After treatment of the gas drum in the first shock stage of the silencer, the gases flow into the second stage diffuser tube 18 and radially from there through the perforations therein. The perforations in the second stage diffuser rudder are preferably somewhat smaller, and the rudder is somewhat longer compared to the corresponding dimensions for the first stage diffuser. This results in more and smaller rays. Although the second stage diffuser rudder provides further smoothing of the flow, the treatment in the second stage is primarily acoustic,

i.e. absorption of sound waves propagating in the gas chamber. Room 25 is packed with an effective sound-absorbing material, such as hair felt or fiberglass. As shown in fig. 1, the exposed surface of the sound-absorbing material is extended well past the closed downstream end of the diffuser pipe to provide continued absorption of sound energy as the stream is collected for discharge into the atmosphere at a relatively low and steady velocity through the open downstream end of the muffler. The silencer must necessarily be designed for. to be able to process a predetermined maximum of flowing gases. Although a valve can be arranged in the upstream channel that leads to the sound

the damper to limit the flow, it is likely that only then noise will form downstream of the valve. This can be avoided by using a shutter 6 wood. the inlet to the first stage diffuser vane. The total open surface formed by the perforations in the diffuser tube is proportional to the size of the aperture opening 7. If the perforations in the second stage diffuser tube are somewhat smaller than those in the first diffuser tube, which is preferable, the total open area for flow will through the perforations in the second rudder be approximately the same as for the first rudder to give optimal results because the flow into the second diffuser rudder is distinctly smoother.

For a two-stage silencer, it is usually only necessary to provide means for preventing the emission of noise into the atmosphere from the casing for the first stage or shock stage. This is done by surrounding the mantle 1 with vibration dampening

layer as described above. Transfer of vibrations in the first stage casing 1 to the second stage casing 2 is largely avoided by inserting elastomeric material in the connection between them as described above, and the relatively smoother flow of gas into and through the second stage usually causes no problematic vibrations in the casing.

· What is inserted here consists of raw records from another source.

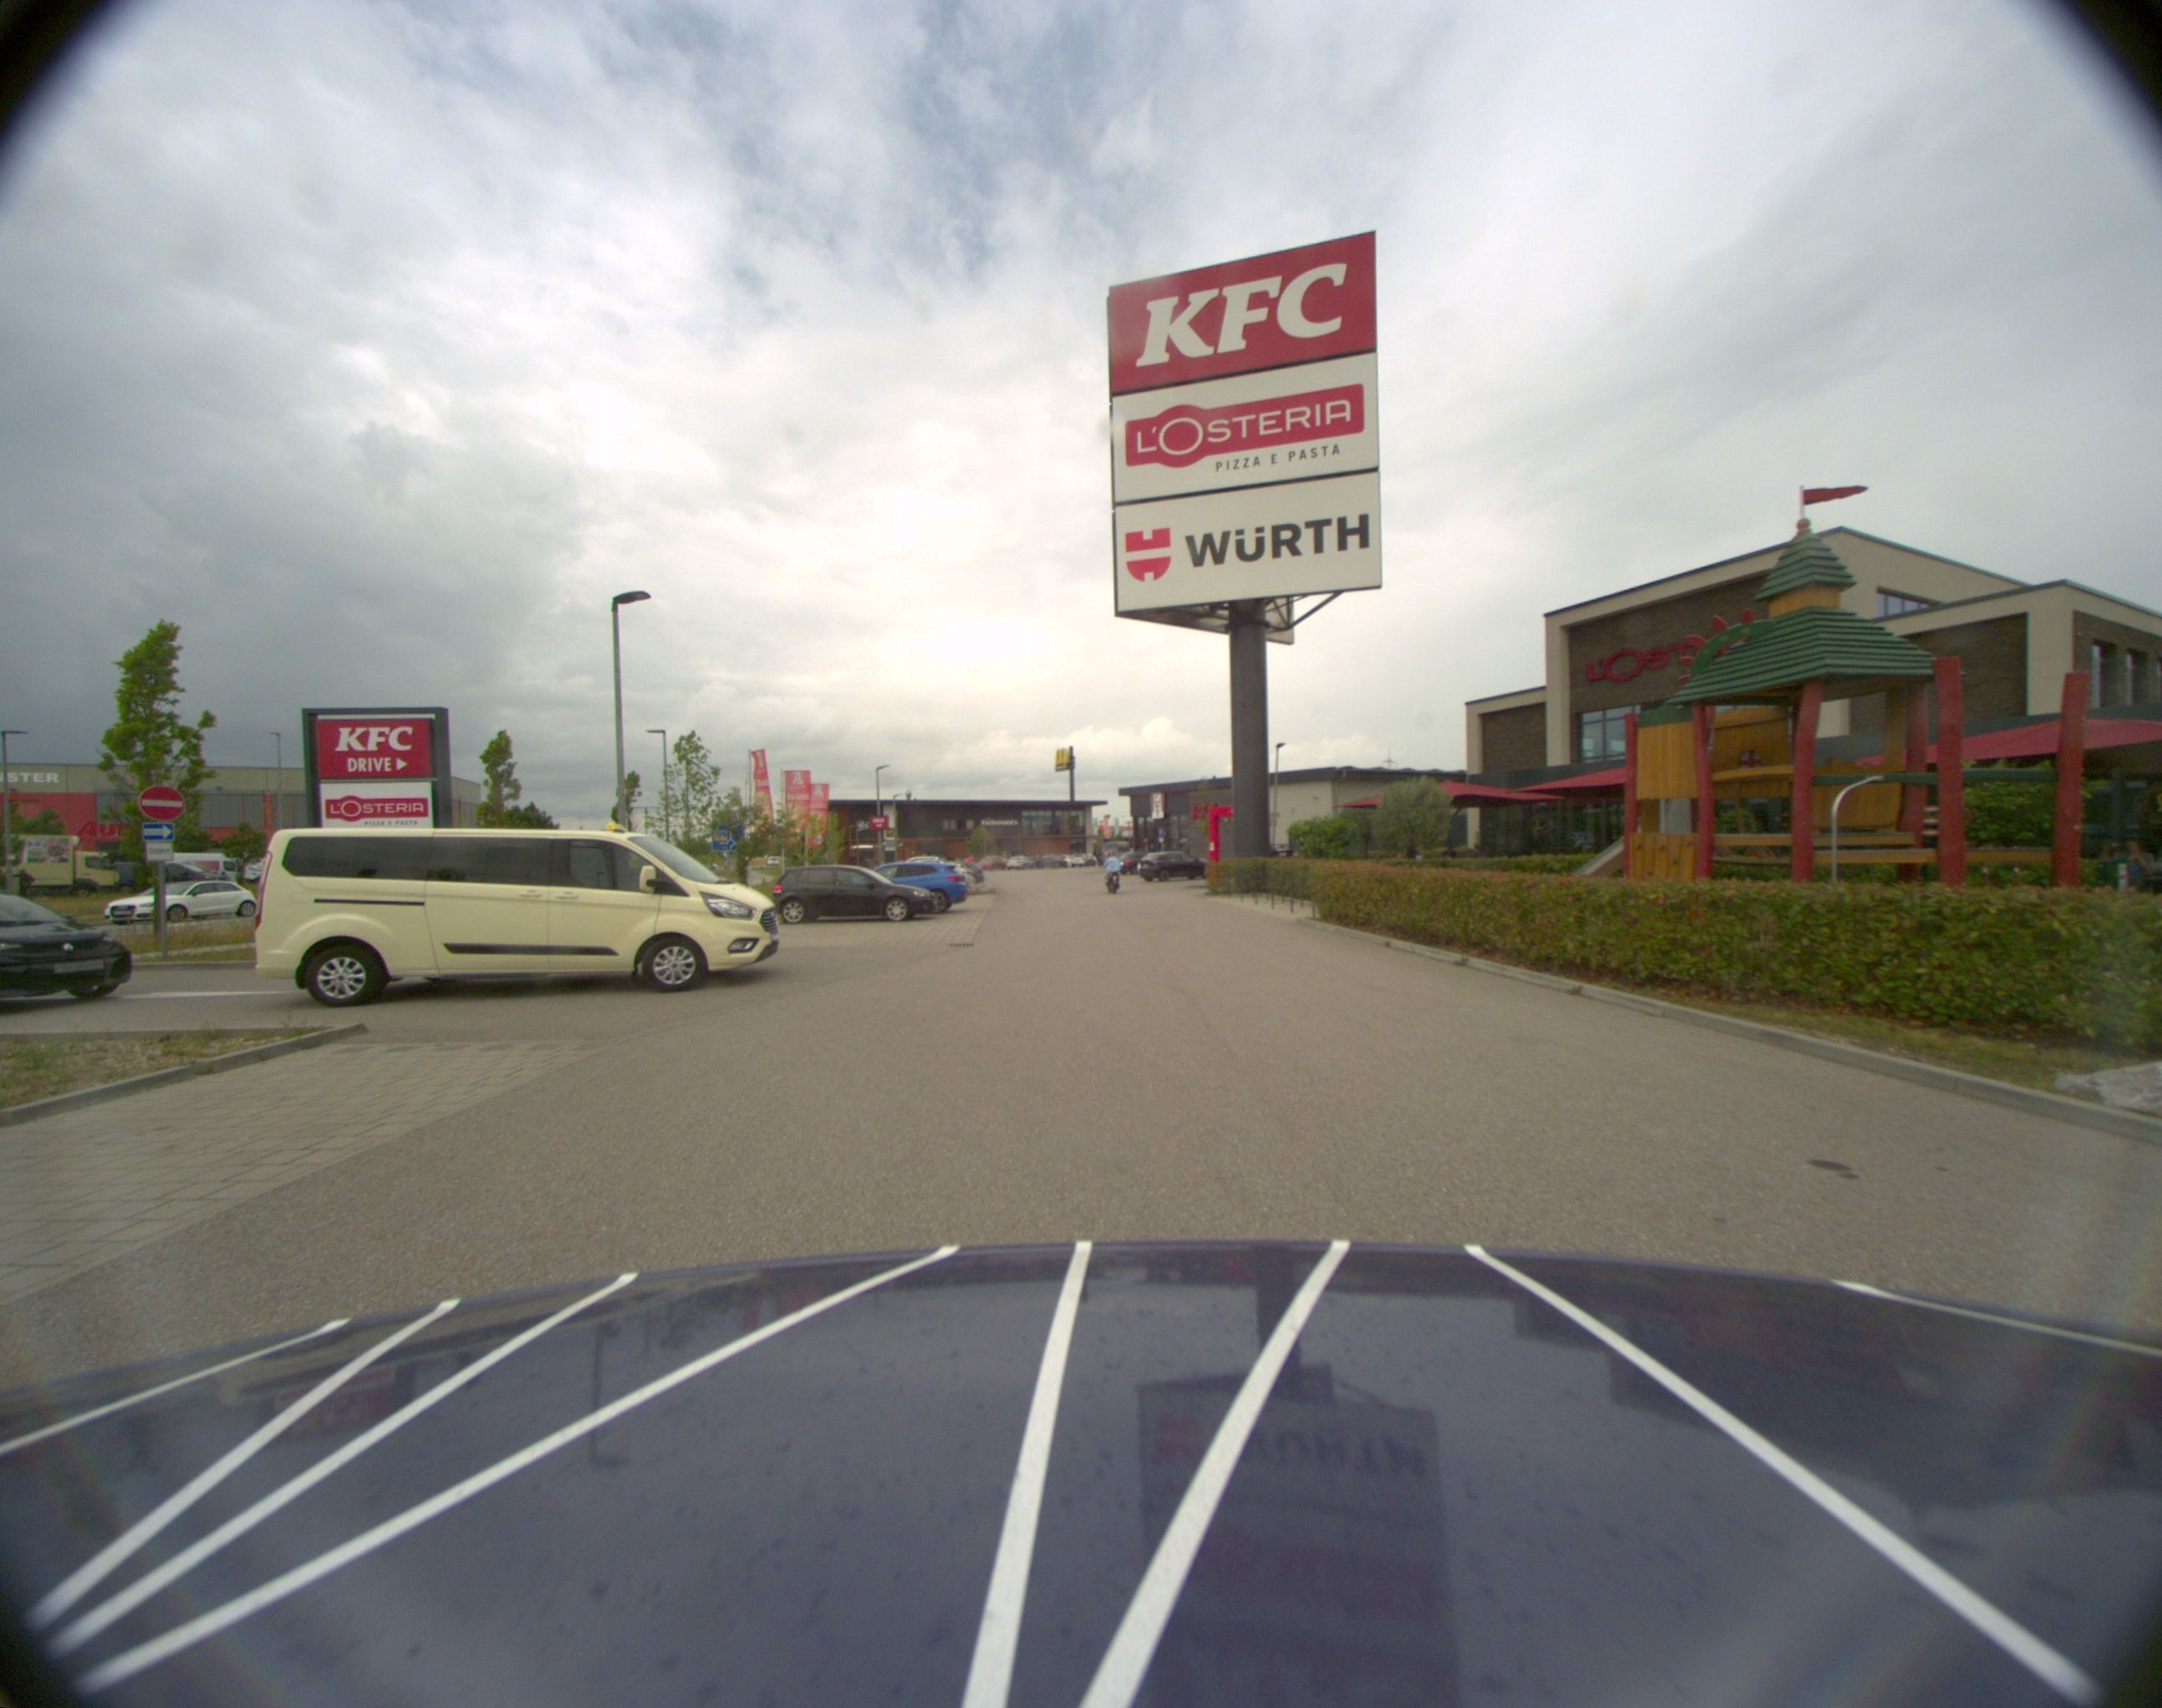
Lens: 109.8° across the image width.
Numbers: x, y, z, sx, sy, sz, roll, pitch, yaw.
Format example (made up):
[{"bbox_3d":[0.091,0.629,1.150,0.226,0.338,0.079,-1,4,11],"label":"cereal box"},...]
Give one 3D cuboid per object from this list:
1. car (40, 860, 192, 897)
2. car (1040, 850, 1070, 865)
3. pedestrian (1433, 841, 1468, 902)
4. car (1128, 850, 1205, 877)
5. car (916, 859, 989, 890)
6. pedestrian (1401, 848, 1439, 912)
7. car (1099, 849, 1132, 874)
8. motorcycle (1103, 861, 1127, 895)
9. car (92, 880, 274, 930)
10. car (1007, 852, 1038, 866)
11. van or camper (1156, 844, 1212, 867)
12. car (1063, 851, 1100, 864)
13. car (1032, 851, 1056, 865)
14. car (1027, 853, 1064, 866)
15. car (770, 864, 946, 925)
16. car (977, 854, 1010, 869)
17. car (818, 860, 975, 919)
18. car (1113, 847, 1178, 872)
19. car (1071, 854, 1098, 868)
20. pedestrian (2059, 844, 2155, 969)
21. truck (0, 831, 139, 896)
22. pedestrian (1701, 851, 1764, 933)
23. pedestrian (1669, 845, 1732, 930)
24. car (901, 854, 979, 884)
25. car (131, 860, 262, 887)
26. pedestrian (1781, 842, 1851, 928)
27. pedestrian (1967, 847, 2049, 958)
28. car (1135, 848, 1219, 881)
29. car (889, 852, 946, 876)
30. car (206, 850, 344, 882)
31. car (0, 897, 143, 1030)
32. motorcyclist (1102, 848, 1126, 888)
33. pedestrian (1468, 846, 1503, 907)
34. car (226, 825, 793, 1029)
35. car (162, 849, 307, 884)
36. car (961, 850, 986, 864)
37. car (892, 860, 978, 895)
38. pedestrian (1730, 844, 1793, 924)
[{"bbox_3d":[-55.434,1.355,43.787,5.073,1.873,2.075,-2,0,-17],"label":"car"},{"bbox_3d":[-2.724,0.324,80.364,1.684,1.454,4.413,-2,0,18],"label":"car"},{"bbox_3d":[10.819,0.499,22.257,0.744,1.738,0.702,-1,1,-44],"label":"pedestrian"},{"bbox_3d":[5.235,0.546,46.353,4.184,1.477,1.996,-2,0,-24],"label":"car"},{"bbox_3d":[-7.112,1.101,42.029,3.809,1.404,1.737,-3,1,-12],"label":"car"},{"bbox_3d":[9.417,0.714,21.127,0.703,1.738,0.742,0,1,-6],"label":"pedestrian"},{"bbox_3d":[3.852,0.745,82.860,2.069,2.538,7.021,-2,0,15],"label":"car"},{"bbox_3d":[1.344,0.935,30.295,0.794,1.201,1.921,-4,1,0],"label":"motorcycle"},{"bbox_3d":[-31.683,1.746,27.023,1.754,1.482,4.129,-2,-1,-4],"label":"car"},{"bbox_3d":[-6.020,0.521,78.754,1.750,1.403,4.465,-2,0,15],"label":"car"},{"bbox_3d":[13.110,0.183,96.742,6.558,2.684,2.176,-3,-1,23],"label":"van or camper"},{"bbox_3d":[0.031,0.440,91.315,4.103,1.458,1.783,-2,-2,15],"label":"car"},{"bbox_3d":[-5.014,0.505,103.358,1.894,1.653,4.262,0,3,16],"label":"car"},{"bbox_3d":[-4.183,0.694,89.620,3.991,1.501,1.772,0,0,20],"label":"car"},{"bbox_3d":[-5.733,1.020,19.930,4.072,1.451,1.776,-1,0,-2],"label":"car"},{"bbox_3d":[-8.918,0.776,77.647,1.684,1.455,4.006,-2,0,19],"label":"car"},{"bbox_3d":[-5.358,1.013,22.565,4.214,1.535,1.864,-2,1,-4],"label":"car"},{"bbox_3d":[4.369,0.374,51.624,3.943,1.478,1.755,-4,1,-24],"label":"car"},{"bbox_3d":[0.387,0.752,81.885,1.684,1.443,4.006,-2,0,19],"label":"car"},{"bbox_3d":[14.790,0.723,10.960,0.744,1.738,0.702,0,1,-28],"label":"pedestrian"},{"bbox_3d":[-53.822,0.455,37.656,3.023,3.177,8.442,0,0,15],"label":"truck"},{"bbox_3d":[14.037,0.806,16.391,0.742,1.738,0.704,0,1,-1],"label":"pedestrian"},{"bbox_3d":[12.917,0.683,15.859,0.742,1.738,0.704,0,1,-1],"label":"pedestrian"},{"bbox_3d":[-8.723,0.915,46.980,4.547,1.532,1.923,-3,1,-14],"label":"car"},{"bbox_3d":[-56.345,1.218,48.541,5.076,1.629,2.074,0,0,-23],"label":"car"},{"bbox_3d":[15.084,0.625,15.614,0.742,1.738,0.704,0,1,-1],"label":"pedestrian"},{"bbox_3d":[15.128,0.758,12.406,0.744,1.738,0.702,0,1,-28],"label":"pedestrian"},{"bbox_3d":[5.180,0.526,40.770,4.128,1.519,1.738,-3,2,-24],"label":"car"},{"bbox_3d":[-13.729,0.854,63.690,4.376,1.703,1.989,-4,1,-21],"label":"car"},{"bbox_3d":[-58.973,0.848,55.819,6.514,2.254,2.340,0,0,-25],"label":"car"},{"bbox_3d":[-12.971,1.213,8.460,3.161,1.329,1.466,-1,0,0],"label":"car"},{"bbox_3d":[1.313,0.536,30.190,0.830,1.480,0.941,-4,2,0],"label":"motorcyclist"},{"bbox_3d":[11.882,0.651,22.309,0.744,1.738,0.702,-1,1,-44],"label":"pedestrian"},{"bbox_3d":[-6.554,0.761,9.416,5.231,2.074,1.998,-1,0,-10],"label":"car"},{"bbox_3d":[-57.058,0.813,51.398,6.066,2.201,2.411,0,0,-23],"label":"car"},{"bbox_3d":[-14.081,0.443,99.437,1.997,1.739,4.004,0,-1,11],"label":"car"},{"bbox_3d":[-7.048,1.103,37.019,3.939,1.404,1.838,-3,1,-9],"label":"car"},{"bbox_3d":[14.996,0.650,16.766,0.742,1.738,0.704,0,1,-1],"label":"pedestrian"}]

An alternative form of vibration isolating connection is shown in fig. 5. In this arrangement, the ends of the sheaths 1a and 2a overlap and are attached to each other with an elastomer spacer 13a in between as a vibration barrier.

Although it is generally more desirable, both from a cost and performance point of view, to construct the silencer with cylindrical casings, these can alternatively be conical as shown in fig. 7. The construction considerations described in connection with the silencer shown in fig. 1 to 4 also apply to the unit shown in fig. 7, which differ largely only in that the mantles are conical instead of cylindrical.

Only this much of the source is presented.